Indigenous Water Advisories

There are over a thousand public water systems on indigenous reserves in Canada.  As indigenous matters, they fall by and large within the responsibility of the federal government.

Of these public systems, when we came into office in late 2015 there were 105 long-term water advisories in effect, plus a great many more short-term advisories poised to become long-term.

Water Advisories ChartWater Advisories Left


The Government of Canada works with First Nations to address health and safety needs, ensure proper facility operation and maintenance, and to prevent short-term advisories from becoming long-term.

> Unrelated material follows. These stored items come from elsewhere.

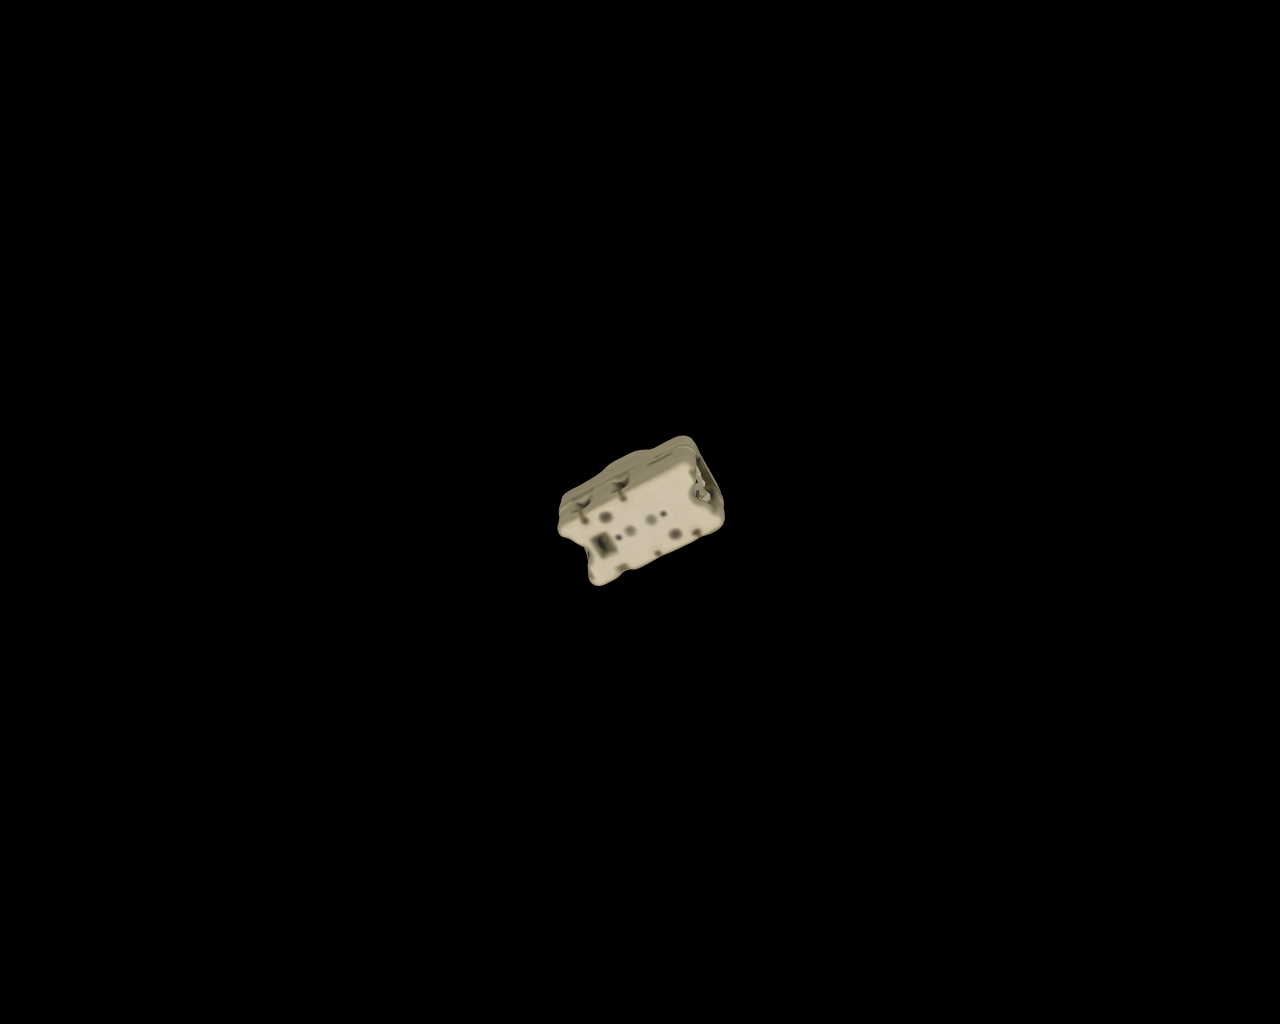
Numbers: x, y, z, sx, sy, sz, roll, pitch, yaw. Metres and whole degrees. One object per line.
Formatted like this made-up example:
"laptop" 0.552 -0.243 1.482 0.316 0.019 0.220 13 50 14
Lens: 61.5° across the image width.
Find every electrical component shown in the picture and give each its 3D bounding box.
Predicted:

Ending a drinking water advisory is often complex, spanning multiple phases.  Actions to resolve a water or wastewater issue can include:

  • feasibility studies
  • new system design work
  • interim repairs on existing systems
  • permanent repairs to existing infrastructure
  • construction of new infrastructure
  • improved training and monitoring

Completion of a new water treatment system can take 3 to 4 years on average…  See the Life-cycle of a First Nations community infrastructure project.

Eliminating long-term drinking water advisories is just one part of ensuring First Nations communities have reliable access to safe drinking water:  Investing in water and wastewater infrastructure — Indigenous Affairs Canada

This simple fact tells a story of problems long neglected, long allowed to fester and grow — as successive governments, both Liberal and different flavours of Conservative long let them slide.  The problems in some cases have endured for decades, even generations.  In all cases, they are unacceptable.

That’s why when we came into office we committed to resolving them.

We committed not only to resolve these particular problems, but to address the systemic factors that created them and that, to the enduring detriment of their communities and the people who live in them, let them linger unresolved through all those decades.

With this firm will we allocated funding to the task and set to work.  In addition, in our 2020 Fall Economic Statement we added an additional $2 billion, bringing the total funding to over $3.5 billion.

As a result, as at March 31, 2021, 105 long-term advisories have in fact been resolved on our watch.

Yet 54 remain — still a few from the original batch, and some of those short-term advisories did indeed become long-term and needed or now need to be resolved as well.  It’s somewhat of a moving target.  In this same period, however, we also resolved over 177 other short-term advisories before they could become long-term.

These problems cannot be resolved simply by writing a cheque and walking away.  These are complex undertakings, often with many facets:  feasibility studies, testing and analysis, engineering and design, interim repairs, geotechnical surveys, upgrades to existing or construction of new infrastructure, and such, as well as training and monitoring for on-site personnel.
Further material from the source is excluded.